• About this task
Collect each line of the records containing the string "Chip".
++++++++++
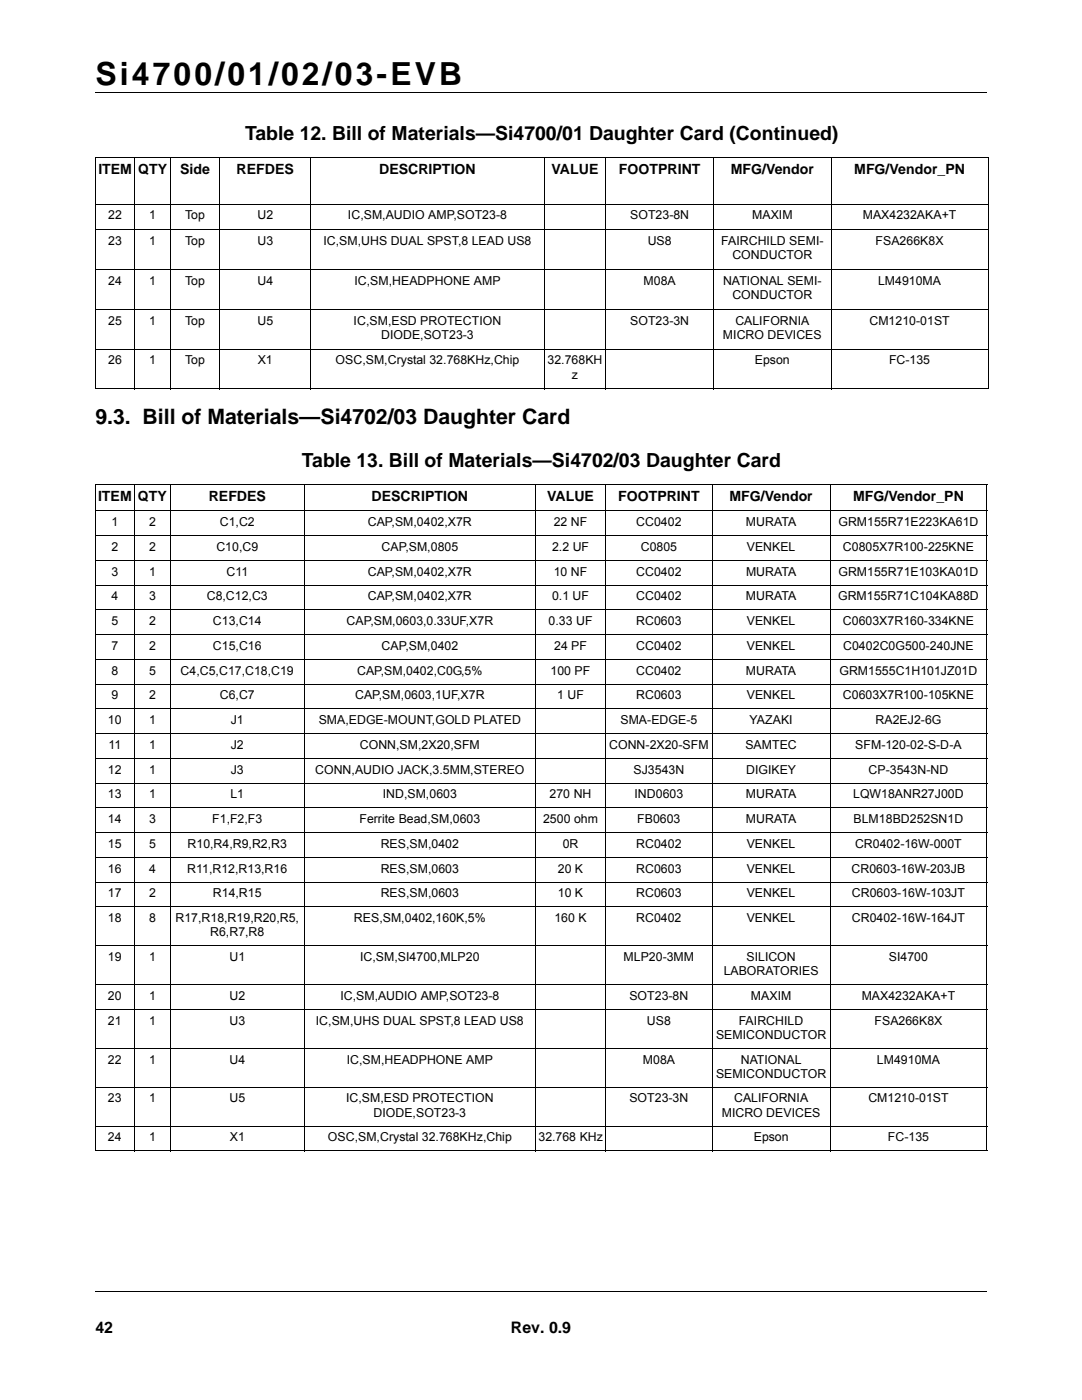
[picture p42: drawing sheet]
<svg xmlns="http://www.w3.org/2000/svg" width="216mm" height="279mm" viewBox="0 0 216 279" stroke-linecap="round" stroke-linejoin="round" font-family="sans-serif">
<defs><g id="words">
<text font-size="6.3" x="19" y="16.9">Si4700/01/02/03-EVB</text>
<text font-size="4.2" x="19" y="84.7">9.3. Bill of Materials—Si4702/03 Daughter Card</text>
<g font-size="3.9">
<text x="48.9" y="28">Table 12. Bill of Materials—Si4700/01 Daughter Card (Continued)</text>
<text x="60.2" y="93.2">Table 13. Bill of Materials—Si4702/03 Daughter Card</text>
</g>
<g font-size="3.2">
<text x="19" y="266">42</text>
<text x="102" y="266">Rev. 0.9</text>
</g>
<g font-size="2.8">
<text x="19.6" y="34.7">ITEM</text>
<text x="27.6" y="34.7">QTY</text>
<text x="35.9" y="34.7">Side</text>
<text x="47.2" y="34.7">REFDES</text>
<text x="75.7" y="34.7">DESCRIPTION</text>
<text x="110.1" y="34.7">VALUE</text>
<text x="123.5" y="34.7">FOOTPRINT</text>
<text x="145.8" y="34.7">MFG/Vendor</text>
<text x="170.5" y="34.7">MFG/Vendor_PN</text>
<text x="19.6" y="99.9">ITEM QTY</text>
<text x="41.6" y="99.9">REFDES</text>
<text x="74.2" y="99.9">DESCRIPTION</text>
<text x="109.2" y="99.9">VALUE</text>
<text x="123.3" y="99.9">FOOTPRINT</text>
<text x="145.6" y="99.9">MFG/Vendor</text>
<text x="170.2" y="99.9">MFG/Vendor_PN</text>
</g>
<g font-size="2.5">
<text x="21.6" y="43.8">22</text>
<text x="29.8" y="43.8">1</text>
<text x="36.9" y="43.8">Top</text>
<text x="51.4" y="43.8">U2</text>
<text x="69.4" y="43.8">IC,SM,AUDIO AMP,SOT23-8</text>
<text x="125.8" y="43.8">SOT23-8N</text>
<text x="150.1" y="43.8">MAXIM</text>
<text x="172.1" y="43.8">MAX4232AKA+T</text>
<text x="21.6" y="48.9">23</text>
<text x="29.8" y="48.9">1</text>
<text x="36.9" y="48.9">Top</text>
<text x="51.4" y="48.9">U3</text>
<text x="64.6" y="48.9">IC,SM,UHS DUAL SPST,8 LEAD US8</text>
<text x="129.2" y="48.9">US8</text>
<text x="143.9" y="48.9">FAIRCHILD SEMI-</text>
<text x="146.1" y="51.7">CONDUCTOR</text>
<text x="174.7" y="48.9">FSA266K8X</text>
<text x="21.6" y="56.9">24</text>
<text x="29.8" y="56.9">1</text>
<text x="36.9" y="56.9">Top</text>
<text x="51.4" y="56.9">U4</text>
<text x="70.7" y="56.9">IC,SM,HEADPHONE AMP</text>
<text x="128.4" y="56.9">M08A</text>
<text x="144.3" y="56.9">NATIONAL SEMI-</text>
<text x="146.1" y="59.7">CONDUCTOR</text>
<text x="175.2" y="56.9">LM4910MA</text>
<text x="21.6" y="64.8">25</text>
<text x="29.8" y="64.8">1</text>
<text x="36.9" y="64.8">Top</text>
<text x="51.4" y="64.8">U5</text>
<text x="70.6" y="64.8">IC,SM,ESD PROTECTION</text>
<text x="125.8" y="64.8">SOT23-3N</text>
<text x="146.7" y="64.8">CALIFORNIA</text>
<text x="173.5" y="64.8">CM1210-01ST</text>
<text x="76.1" y="67.6">DIODE,SOT23-3</text>
<text x="144.3" y="67.6">MICRO DEVICES</text>
<text x="21.6" y="72.7">26</text>
<text x="29.8" y="72.7">1</text>
<text x="36.9" y="72.7">Top</text>
<text x="51.4" y="72.7">X1</text>
<text x="67" y="72.7">OSC,SM,Crystal 32.768KHz,Chip</text>
<text x="109.3" y="72.7">32.768KH</text>
<text x="114.1" y="75.5">z</text>
<text x="150.6" y="72.7">Epson</text>
<text x="177.4" y="72.7">FC-135</text>
<text x="22.2" y="105">1</text>
<text x="29.7" y="105">2</text>
<text x="43.9" y="105">C1,C2</text>
<text x="73.4" y="105">CAP,SM,0402,X7R</text>
<text x="110.5" y="105">22 NF</text>
<text x="126.9" y="105">CC0402</text>
<text x="148.9" y="105">MURATA</text>
<text x="167.3" y="105">GRM155R71E223KA61D</text>
<text x="22.2" y="109.9">2</text>
<text x="29.7" y="109.9">2</text>
<text x="43.2" y="109.9">C10,C9</text>
<text x="76.1" y="109.9">CAP,SM,0805</text>
<text x="110.2" y="109.9">2.2 UF</text>
<text x="127.8" y="109.9">C0805</text>
<text x="149" y="109.9">VENKEL</text>
<text x="168.2" y="109.9">C0805X7R100-225KNE</text>
<text x="22.2" y="114.9">3</text>
<text x="22.2" y="119.8">4</text>
<text x="29.7" y="114.9">1</text>
<text x="29.7" y="119.8">3</text>
<text x="41.3" y="119.8">C8,C12,C3</text>
<text x="45.2" y="114.9">C11</text>
<text x="73.4" y="114.9">CAP,SM,0402,X7R</text>
<text x="73.4" y="119.8">CAP,SM,0402,X7R</text>
<text x="110.2" y="119.8">0.1 UF</text>
<text x="110.5" y="114.9">10 NF</text>
<text x="126.9" y="119.8">CC0402</text>
<text x="126.9" y="114.9">CC0402</text>
<text x="148.8" y="119.8">MURATA</text>
<text x="148.9" y="114.9">MURATA</text>
<text x="167.2" y="119.8">GRM155R71C104KA88D</text>
<text x="167.3" y="114.9">GRM155R71E103KA01D</text>
<text x="22.2" y="124.8">5</text>
<text x="29.7" y="124.8">2</text>
<text x="42.5" y="124.8">C13,C14</text>
<text x="69.2" y="124.8">CAP,SM,0603,0.33UF,X7R</text>
<text x="109.5" y="124.8">0.33 UF</text>
<text x="127" y="124.8">RC0603</text>
<text x="149" y="124.8">VENKEL</text>
<text x="168.2" y="124.8">C0603X7R160-334KNE</text>
<text x="22.2" y="129.7">7</text>
<text x="29.7" y="129.7">2</text>
<text x="42.5" y="129.7">C15,C16</text>
<text x="76.1" y="129.7">CAP,SM,0402</text>
<text x="110.6" y="129.7">24 PF</text>
<text x="127" y="129.7">CC0402</text>
<text x="149" y="129.7">VENKEL</text>
<text x="168.2" y="129.7">C0402C0G500-240JNE</text>
<text x="22.2" y="134.6">8</text>
<text x="29.7" y="134.6">5</text>
<text x="36" y="134.6">C4,C5,C17,C18,C19</text>
<text x="71.3" y="134.6">CAP,SM,0402,C0G,5%</text>
<text x="109.9" y="134.6">100 PF</text>
<text x="126.9" y="134.6">CC0402</text>
<text x="148.8" y="134.6">MURATA</text>
<text x="167.5" y="134.6">GRM1555C1H101JZ01D</text>
<text x="22.2" y="139.6">9</text>
<text x="29.7" y="139.6">2</text>
<text x="43.9" y="139.6">C6,C7</text>
<text x="70.9" y="139.6">CAP,SM,0603,1UF,X7R</text>
<text x="111.2" y="139.6">1 UF</text>
<text x="127" y="139.6">RC0603</text>
<text x="149" y="139.6">VENKEL</text>
<text x="168.2" y="139.6">C0603X7R100-105KNE</text>
<text x="21.5" y="144.5">10</text>
<text x="21.7" y="149.5">11</text>
<text x="29.7" y="144.5">1</text>
<text x="29.7" y="149.5">1</text>
<text x="46.1" y="144.5">J1</text>
<text x="46.1" y="149.5">J2</text>
<text x="63.6" y="144.5">SMA,EDGE-MOUNT,GOLD PLATED</text>
<text x="71.8" y="149.5">CONN,SM,2X20,SFM</text>
<text x="121.5" y="149.5">CONN-2X20-SFM</text>
<text x="123.8" y="144.5">SMA-EDGE-5</text>
<text x="148.7" y="149.5">SAMTEC</text>
<text x="149.6" y="144.5">YAZAKI</text>
<text x="170.7" y="149.5">SFM-120-02-S-D-A</text>
<text x="174.7" y="144.5">RA2EJ2-6G</text>
<text x="21.5" y="154.4">12</text>
<text x="29.7" y="154.4">1</text>
<text x="46.1" y="154.4">J3</text>
<text x="62.9" y="154.4">CONN,AUDIO JACK,3.5MM,STEREO</text>
<text x="126.4" y="154.4">SJ3543N</text>
<text x="148.9" y="154.4">DIGIKEY</text>
<text x="173.3" y="154.4">CP-3543N-ND</text>
<text x="21.5" y="159.3">13</text>
<text x="29.7" y="159.3">1</text>
<text x="46" y="159.3">L1</text>
<text x="76.4" y="159.3">IND,SM,0603</text>
<text x="109.7" y="159.3">270 NH</text>
<text x="126.6" y="159.3">IND0603</text>
<text x="148.9" y="159.3">MURATA</text>
<text x="170.2" y="159.3">LQW18ANR27J00D</text>
<text x="21.5" y="164.3">14</text>
<text x="29.7" y="164.3">3</text>
<text x="42.4" y="164.3">F1,F2,F3</text>
<text x="71.7" y="164.3">Ferrite Bead,SM,0603</text>
<text x="108.4" y="164.3">2500 ohm</text>
<text x="127.2" y="164.3">FB0603</text>
<text x="148.9" y="164.3">MURATA</text>
<text x="170.3" y="164.3">BLM18BD252SN1D</text>
<text x="21.5" y="169.2">15</text>
<text x="29.7" y="169.2">5</text>
<text x="37.4" y="169.2">R10,R4,R9,R2,R3</text>
<text x="76" y="169.2">RES,SM,0402</text>
<text x="112.3" y="169.2">0R</text>
<text x="126.9" y="169.2">RC0402</text>
<text x="149" y="169.2">VENKEL</text>
<text x="170.6" y="169.2">CR0402-16W-000T</text>
<text x="21.5" y="174.2">16</text>
<text x="21.5" y="179.1">17</text>
<text x="29.7" y="174.2">4</text>
<text x="29.7" y="179.1">2</text>
<text x="37.4" y="174.2">R11,R12,R13,R16</text>
<text x="42.5" y="179.1">R14,R15</text>
<text x="76" y="174.2">RES,SM,0603</text>
<text x="76" y="179.1">RES,SM,0603</text>
<text x="111.3" y="174.2">20 K</text>
<text x="111.3" y="179.1">10 K</text>
<text x="126.9" y="174.2">RC0603</text>
<text x="126.9" y="179.1">RC0603</text>
<text x="149" y="174.2">VENKEL</text>
<text x="149" y="179.1">VENKEL</text>
<text x="169.9" y="174.2">CR0603-16W-203JB</text>
<text x="170" y="179.1">CR0603-16W-103JT</text>
<text x="21.5" y="184">18</text>
<text x="29.7" y="184">8</text>
<text x="35" y="184">R17,R18,R19,R20,R5,</text>
<text x="70.6" y="184">RES,SM,0402,160K,5%</text>
<text x="110.6" y="184">160 K</text>
<text x="126.9" y="184">RC0402</text>
<text x="149" y="184">VENKEL</text>
<text x="170" y="184">CR0402-16W-164JT</text>
<text x="21.5" y="191.8">19</text>
<text x="29.7" y="191.8">1</text>
<text x="41.9" y="186.9">R6,R7,R8</text>
<text x="45.8" y="191.8">U1</text>
<text x="71.9" y="191.8">IC,SM,SI4700,MLP20</text>
<text x="124.4" y="191.8">MLP20-3MM</text>
<text x="148.9" y="191.8">SILICON</text>
<text x="177.4" y="191.8">SI4700</text>
<text x="144.4" y="194.6">LABORATORIES</text>
<text x="21.5" y="199.6">20</text>
<text x="29.7" y="199.6">1</text>
<text x="45.8" y="199.6">U2</text>
<text x="67.9" y="199.6">IC,SM,AUDIO AMP,SOT23-8</text>
<text x="125.6" y="199.6">SOT23-8N</text>
<text x="149.8" y="199.6">MAXIM</text>
<text x="171.9" y="199.6">MAX4232AKA+T</text>
<text x="21.5" y="204.5">21</text>
<text x="29.7" y="204.5">1</text>
<text x="45.8" y="204.5">U3</text>
<text x="63" y="204.5">IC,SM,UHS DUAL SPST,8 LEAD US8</text>
<text x="129.1" y="204.5">US8</text>
<text x="142.9" y="207.3">SEMICONDUCTOR</text>
<text x="147.4" y="204.5">FAIRCHILD</text>
<text x="174.5" y="204.5">FSA266K8X</text>
<text x="21.5" y="212.3">22</text>
<text x="29.7" y="212.3">1</text>
<text x="45.8" y="212.3">U4</text>
<text x="69.2" y="212.3">IC,SM,HEADPHONE AMP</text>
<text x="128.3" y="212.3">M08A</text>
<text x="142.9" y="215.1">SEMICONDUCTOR</text>
<text x="147.8" y="212.3">NATIONAL</text>
<text x="175" y="212.3">LM4910MA</text>
<text x="21.5" y="220">23</text>
<text x="29.7" y="220">1</text>
<text x="45.8" y="220">U5</text>
<text x="69.1" y="220">IC,SM,ESD PROTECTION</text>
<text x="125.6" y="220">SOT23-3N</text>
<text x="146.5" y="220">CALIFORNIA</text>
<text x="173.3" y="220">CM1210-01ST</text>
<text x="21.5" y="227.8">24</text>
<text x="29.7" y="227.8">1</text>
<text x="45.8" y="227.8">X1</text>
<text x="65.4" y="227.8">OSC,SM,Crystal 32.768KHz,Chip</text>
<text x="74.5" y="222.8">DIODE,SOT23-3</text>
<text x="107.4" y="227.8">32.768 KHz</text>
<text x="144" y="222.8">MICRO DEVICES</text>
<text x="150.4" y="227.8">Epson</text>
<text x="177.2" y="227.8">FC-135</text>
</g>
</g></defs>
<path d="M19 18.4h177.8M19.1 257.8h177.8" fill="none" stroke="#000" stroke-width=".2"/>
<g fill="#fff">
<path d="M159.3 259.4h38.1v14.5h-38.1z"/>
<path d="M159.4 259.4h38v14.5h-38z"/>
<path d="M19 40.7h7.9v5.1h-7.9z"/>
<path d="M26.9 40.7h7.1v5.1h-7.1z"/>
<path d="M34 40.7h9.9v5.1h-9.9z"/>
<path d="M43.9 40.7h18.1v5.1h-18.1z"/>
<path d="M62 40.7h46.6v5.1h-46.6z"/>
<path d="M108.6 40.7h33.8v5.1h-33.8z"/>
<path d="M142.4 40.7h23.5v5.1h-23.5z"/>
<path d="M165.9 40.7h31.2v5.1h-31.2z"/>
<path d="M19 45.8h7.9v8h-7.9z"/>
<path d="M26.9 45.8h7.1v8h-7.1z"/>
<path d="M34 45.8h9.9v8h-9.9z"/>
<path d="M43.9 45.8h18.1v8h-18.1z"/>
<path d="M62 45.8h46.6v8h-46.6z"/>
<path d="M108.6 45.8h33.8v8h-33.8z"/>
<path d="M142.4 45.8h23.5v8h-23.5z"/>
<path d="M165.9 45.8h31.2v8h-31.2z"/>
<path d="M19 53.8h7.9v7.9h-7.9z"/>
<path d="M26.9 53.8h7.1v7.9h-7.1z"/>
<path d="M34 53.8h9.9v7.9h-9.9z"/>
<path d="M43.9 53.8h18.1v7.9h-18.1z"/>
<path d="M62 53.8h46.6v7.9h-46.6z"/>
<path d="M108.6 53.8h33.8v7.9h-33.8z"/>
<path d="M142.4 53.8h23.5v7.9h-23.5z"/>
<path d="M165.9 53.8h31.2v7.9h-31.2z"/>
<path d="M19 61.7h7.9v8h-7.9z"/>
<path d="M26.9 61.7h7.1v8h-7.1z"/>
<path d="M34 61.7h9.9v8h-9.9z"/>
<path d="M43.9 61.7h18.1v8h-18.1z"/>
<path d="M62 61.7h46.6v8h-46.6z"/>
<path d="M108.6 61.7h33.8v8h-33.8z"/>
<path d="M142.4 61.7h23.5v8h-23.5z"/>
<path d="M165.9 61.7h31.2v8h-31.2z"/>
<path d="M19 69.7h7.9v7.9h-7.9z"/>
<path d="M26.9 69.7h7.1v7.9h-7.1z"/>
<path d="M34 69.7h9.9v7.9h-9.9z"/>
<path d="M43.9 69.7h18.1v7.9h-18.1z"/>
<path d="M62 69.7h46.6v7.9h-46.6z"/>
<path d="M108.6 69.7h12.3v7.9h-12.3z"/>
<path d="M120.9 69.7h21.5v7.9h-21.5z"/>
<path d="M142.4 69.7h23.5v7.9h-23.5z"/>
<path d="M165.9 69.7h31.2v7.9h-31.2z"/>
<path d="M19 31.4h7.9v9.3h-7.9z"/>
<path d="M26.9 31.4h7.1v9.3h-7.1z"/>
<path d="M34 31.4h9.9v9.3h-9.9z"/>
<path d="M43.9 31.4h18.1v9.3h-18.1z"/>
<path d="M62 31.4h46.6v9.3h-46.6z"/>
<path d="M108.6 31.4h12.3v9.3h-12.3z"/>
<path d="M120.9 31.4h21.5v9.3h-21.5z"/>
<path d="M142.4 31.4h23.5v9.3h-23.5z"/>
<path d="M165.9 31.4h31.2v9.3h-31.2z"/>
</g>
<g fill="none" stroke="#000" stroke-width=".2">
<path d="M19 31.4h178.2M19 31.5v46M26.9 31.3v46.4M34 31.3v46.4M43.9 31.3v46.4M62 31.3v46.4M108.6 31.3v46.4M120.9 31.3v46.4M142.4 31.3v46.4M165.9 31.3v46.4M197.1 31.5v46M19 40.7h178.2"/>
<path d="M19 45.8h178.2M19 53.8h178.2M19 61.7h178.2M19 69.7h178.2M19 77.6h178.2M19 96.7h178M19 96.8v132.8M26.8 96.6v133.1M34 96.6v133.1M60.7 96.6v133.1M106.9 96.6v133.1M120.8 96.6v133.1"/>
<path d="M142.1 96.6v133.1M165.6 96.6v133.1M196.9 96.8v132.8M19 102h178M19 106.9h178M19 111.8h178M19 116.8h178M19 121.7h178M19 126.6h178M19 131.6h178M19 136.5h178M19 141.5h178"/>
<path d="M19 146.4h178M19 151.3h178M19 156.3h178M19 161.2h178M19 166.2h178M19 171.1h178M19 176h178M19 181h178M19 188.7h178M19 196.5h178M19 201.4h178M19 209.2h178"/>
<path d="M19 217h178M19 224.7h178M19 229.7h178"/>
</g>
<use href="#words"/>
</svg>
++++++++++
• Result for this exercise
<text x="67" y="72.7">OSC,SM,Crystal 32.768KHz,Chip</text>
<text x="65.4" y="227.8">OSC,SM,Crystal 32.768KHz,Chip</text>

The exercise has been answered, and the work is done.